My kingdom for (cheap) service discovery on AWS

My kingdom for cheap service discovery on AWS

I've basically spent the last month delving into the rabbit hole of service discovery options on AWS for ECS hosted solutions. This is for a personal project consisting of microservices and I'm just in the process of building it.

Goals

Keep it cheap - since it is a personal pet project, keeping hosting costs low is a key driver.
Minimal code changes - I'd like to not have to write specific code to handle service discovery, and have it be invisible to the application as much as possible.
Polyglot support - One of the best things about microservices is the ability to use different technologies for different services and tie them together. Forgoing this in service discovery would limit future extensibility.
Can replicate in dev - I like to test and build locally using docker - so the solution needs to be either supported in docker locally or I should be able to emulate it for local dev purposes.
Works on ECS/EC2 - since its being hosted in ECS/EC2 it would need to be supported on ECS.
Runs on a single host - again for local development ideally it would be something that can still work if i'm running on a single host i.e. my laptop

Some exclusions off the bat

Why not ECS Fargate? - Fargate charges per vCPU and GB per hour. The cheapest vCPU option in CA-Central region is about $8/month per task excluding data transfer. With just 5 microservices thats about $40/month forgetting about data transfer. For an unlaunched startup, this cost is too much.
Why not Serverless? - good question - again it comes down to being able to code and test offline and just updated it when ready. I feel at this time serverless architectures are quite specific to specific cloud providers. I started writing this thing a while ago in a Node.js server model and didn't want to go back and refactor the whole thing.

General Approaches

There are some common approaches out there

Custom central API - services register with a centralized service that polls service health. Requires custom code and exposes a single point of failure.
DNS A Records - this records DNS A records for services. Port numbers would need to be known ahead of time. This is ideal as it is handled at the infrastructure level and keeps services 'dumb' from a code perspective.
- ECS supports this but only for containers running in AWSVPC network mode. This requires an ENI and there are limits to the number of ENI's per EC2 instance. So the more services you have to register the bigger the EC2 instance needs to be. Drives up cost.
DNS SRV Records - this records DNS SRV records (host and port) for each service. Some additional code is required to query SRV records, and some sort of agent that queries the container and registers them with DNS is required.
- ECS supports this using their provided service discovery and Route 53 entries.
- Replicating it locally for docker requires some agent to query the containers and record SRV records in a local DNS provider. The only way to do this currently with docker is to have something querying the /var/run/docker.sock interface - which poses a bit of a security risk. Still it is something that can be used for development replication of service discovery.
Consul/ etcd / Zookeeper - these services have one or more master nodes running that manages service discovery and agents on containers that report to it. This seems to be the general approach for large microservice meshes.
- Requires multiple instances in EC2 - atleast one for the master node and one for the application node.

AWS Specific approaches

AWS ALB - application load balancing. Costs can be high because of the limitation of one ALB per service.
- In AWS this drives up the cost due to the need for one ALB per service
AWS AppMesh - the newest offerring from AWS that just went Generaly Availability in March 2019.
- From my testing there seems to be a few current limitations- it requires AWSVPC networking mode for containers, requiring a NAT Gateway so that the Envoy (proxy) sidecar containers can access the region's management server. This drives up costs.
- This is a very new service so I'm hopeful that they will address some of this in the near future.

Findings

As can be seen below there is no real silver bullet. Not if you want to keep things cheap and simple.

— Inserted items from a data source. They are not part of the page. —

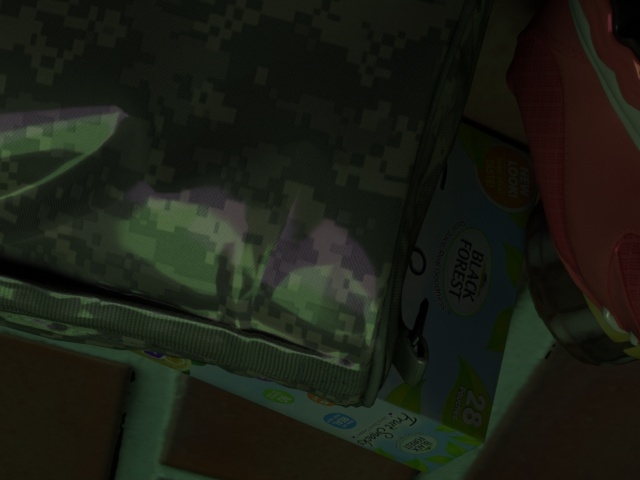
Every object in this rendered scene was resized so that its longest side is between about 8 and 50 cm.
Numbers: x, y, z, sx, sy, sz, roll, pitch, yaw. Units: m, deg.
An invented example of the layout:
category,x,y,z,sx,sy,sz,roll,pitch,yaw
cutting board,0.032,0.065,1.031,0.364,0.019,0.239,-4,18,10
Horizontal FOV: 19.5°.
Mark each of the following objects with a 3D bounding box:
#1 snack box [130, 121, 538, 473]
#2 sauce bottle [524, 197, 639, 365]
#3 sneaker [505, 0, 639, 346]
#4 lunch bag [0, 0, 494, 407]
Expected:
category,x,y,z,sx,sy,sz,roll,pitch,yaw
snack box,0.000,0.000,0.961,0.207,0.174,0.070,24,151,-17
sauce bottle,0.260,-0.022,0.886,0.344,0.111,0.111,-18,137,41
sneaker,0.178,0.012,0.838,0.116,0.313,0.136,-13,165,-31
lunch bag,-0.083,-0.075,0.797,0.305,0.256,0.212,14,148,1
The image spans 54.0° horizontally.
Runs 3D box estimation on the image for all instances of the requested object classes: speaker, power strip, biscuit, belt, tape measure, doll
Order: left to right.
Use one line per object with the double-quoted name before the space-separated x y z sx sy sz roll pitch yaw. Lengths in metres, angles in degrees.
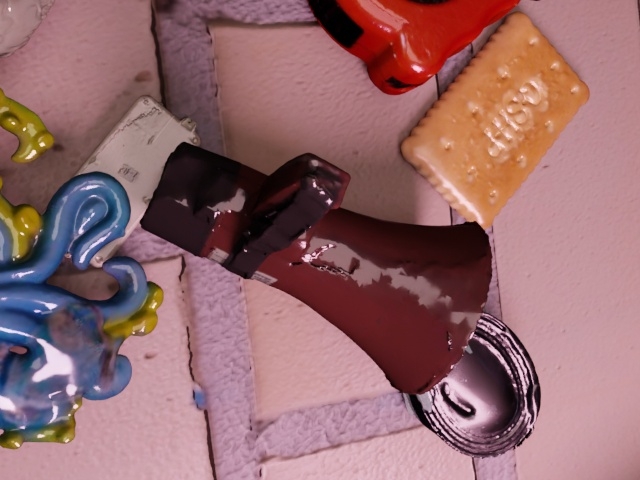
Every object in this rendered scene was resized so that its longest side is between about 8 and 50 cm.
"doll" -0.313 0.054 0.546 0.341 0.098 0.346 40 64 -32
"power strip" -0.207 -0.063 0.656 0.081 0.035 0.192 38 80 -14
"speaker" 0.000 0.023 0.595 0.329 0.259 0.198 23 101 -19
"tape measure" 0.106 -0.315 0.709 0.253 0.114 0.260 -43 98 -12
"belt" 0.169 0.162 0.750 0.151 0.078 0.198 -33 102 -10
"biscuit" 0.225 -0.151 0.787 0.160 0.030 0.250 43 79 -13

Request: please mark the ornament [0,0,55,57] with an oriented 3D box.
"ornament" -0.383 -0.274 0.553 0.285 0.120 0.130 34 73 -16
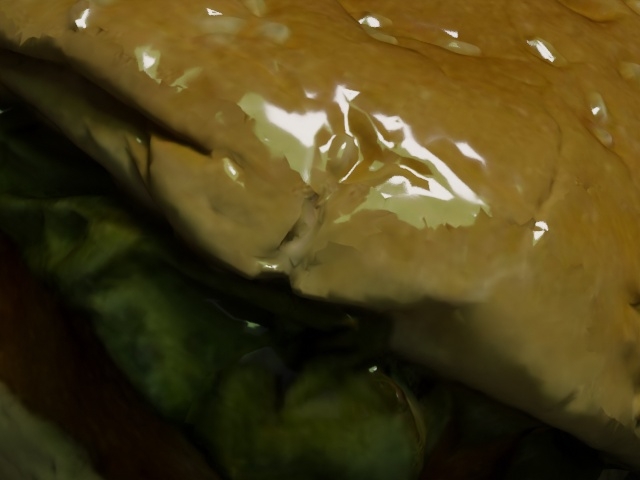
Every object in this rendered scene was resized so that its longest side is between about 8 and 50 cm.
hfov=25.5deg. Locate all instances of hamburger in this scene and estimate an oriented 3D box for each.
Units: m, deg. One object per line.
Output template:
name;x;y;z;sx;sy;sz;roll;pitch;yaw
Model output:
hamburger;-0.001;0.003;0.403;0.330;0.162;0.209;22;34;-1
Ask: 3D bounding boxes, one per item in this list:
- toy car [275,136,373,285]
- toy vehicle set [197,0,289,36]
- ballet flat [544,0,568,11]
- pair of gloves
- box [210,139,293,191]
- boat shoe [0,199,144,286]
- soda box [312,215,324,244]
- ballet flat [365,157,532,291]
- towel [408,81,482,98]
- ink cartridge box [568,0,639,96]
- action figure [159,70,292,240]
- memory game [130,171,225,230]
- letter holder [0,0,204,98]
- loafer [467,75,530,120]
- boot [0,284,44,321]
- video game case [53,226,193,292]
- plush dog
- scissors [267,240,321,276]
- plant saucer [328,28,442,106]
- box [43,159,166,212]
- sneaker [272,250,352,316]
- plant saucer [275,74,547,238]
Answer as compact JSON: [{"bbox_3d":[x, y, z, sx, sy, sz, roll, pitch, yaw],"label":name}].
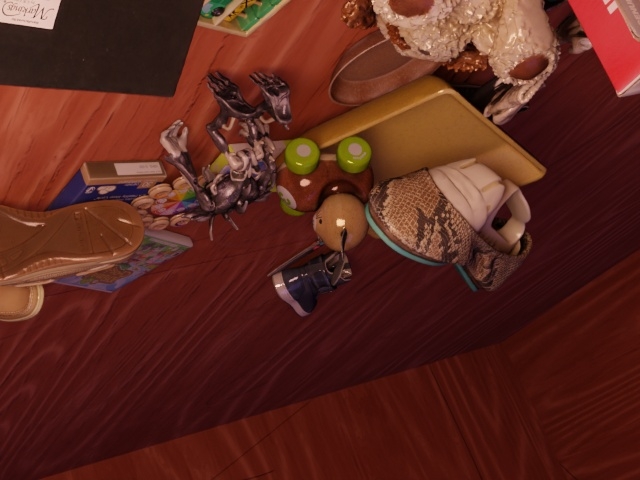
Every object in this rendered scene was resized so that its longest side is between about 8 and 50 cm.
[{"bbox_3d":[0.012,-0.034,1.655,0.149,0.188,0.155,-2,153,-7],"label":"toy car"},{"bbox_3d":[-0.053,-0.331,1.259,0.267,0.035,0.166,-34,160,32],"label":"toy vehicle set"},{"bbox_3d":[0.291,-0.349,1.580,0.241,0.091,0.077,-16,-175,-10],"label":"ballet flat"},{"bbox_3d":[0.325,-0.251,1.542,0.240,0.042,0.204,-47,-176,-9],"label":"pair of gloves"},{"bbox_3d":[-0.109,-0.115,1.809,0.178,0.042,0.109,-7,156,-39],"label":"box"},{"bbox_3d":[-0.427,0.017,1.606,0.341,0.121,0.110,-3,160,-16],"label":"boat shoe"},{"bbox_3d":[0.056,-0.039,2.136,0.058,0.063,0.183,-13,177,-29],"label":"soda box"},{"bbox_3d":[0.227,-0.037,1.750,0.182,0.164,0.483,-39,155,13],"label":"ballet flat"},{"bbox_3d":[0.133,-0.178,1.947,0.324,0.056,0.312,-39,160,35],"label":"towel"},{"bbox_3d":[0.363,-0.337,1.314,0.272,0.309,0.130,-12,159,-30],"label":"ink cartridge box"},{"bbox_3d":[-0.130,-0.128,1.596,0.164,0.141,0.275,-16,149,-31],"label":"action figure"},{"bbox_3d":[-0.217,-0.059,1.757,0.186,0.012,0.186,-18,163,-6],"label":"memory game"},{"bbox_3d":[-0.291,-0.253,1.048,0.302,0.214,0.152,-3,121,-47],"label":"letter holder"},{"bbox_3d":[0.251,-0.190,1.848,0.220,0.078,0.080,-38,161,28],"label":"loafer"},{"bbox_3d":[-0.530,0.067,1.640,0.213,0.077,0.165,9,174,27],"label":"boot"},{"bbox_3d":[-0.354,0.031,1.963,0.193,0.023,0.212,-29,162,17],"label":"video game case"},{"bbox_3d":[0.159,-0.307,1.433,0.262,0.210,0.225,22,156,-26],"label":"plush dog"},{"bbox_3d":[0.000,0.000,2.337,0.297,0.021,0.109,-26,165,12],"label":"scissors"},{"bbox_3d":[0.097,-0.265,1.645,0.198,0.036,0.198,-22,163,-7],"label":"plant saucer"},{"bbox_3d":[-0.348,-0.051,1.712,0.136,0.036,0.225,-6,157,-43],"label":"box"},{"bbox_3d":[0.002,0.096,2.500,0.163,0.086,0.226,-23,162,8],"label":"sneaker"},{"bbox_3d":[0.139,-0.138,1.772,0.333,0.081,0.333,-22,150,29],"label":"plant saucer"}]

	Minimal code dependency	Polyglot	Replicate in local docker	ECS/EC2 Supported	Single Host
Custom Central API	No	Yes	Yes	Yes	Yes
DNS A Records	Yes	Yes	Yes	No	Yes
DNS SRV Records	No	Yes	Yes	Yes	Yes
SenecaJS	No	No	Yes	Yes	Yes
CoteJS	No	No	Yes	Yes	Yes
Consul / Etcd / Zookeper	No	Yes	Yes	Yes	No
ALB	Yes	Yes	No	Yes	No
AWS AppMesh	Yes	Yes	No	Yes (Cost)	No

Other approaches (to be investigated)

Istio - this is a service mesh solution that AWS AppMesh appears to be based on.
Envoy - reverse proxy used by AppMesh and Istio - it appears to support service discovery etc - may need its a separate master node though.
Traefik - traefik acts as a reverse proxy that requires the docker host interface to work - it may be possible to use this to run a reverse proxy for services - however when it starts getting into multiple hosts it likely requires a central service repository. (It may be something to use in dev)

Conclusion

Docker Swarm - seems like the logical thing to do at this point. This is making me question why would I even host it on AWS - why not just do this in a cheaper, more generic cloud provider such as DigitalOcean.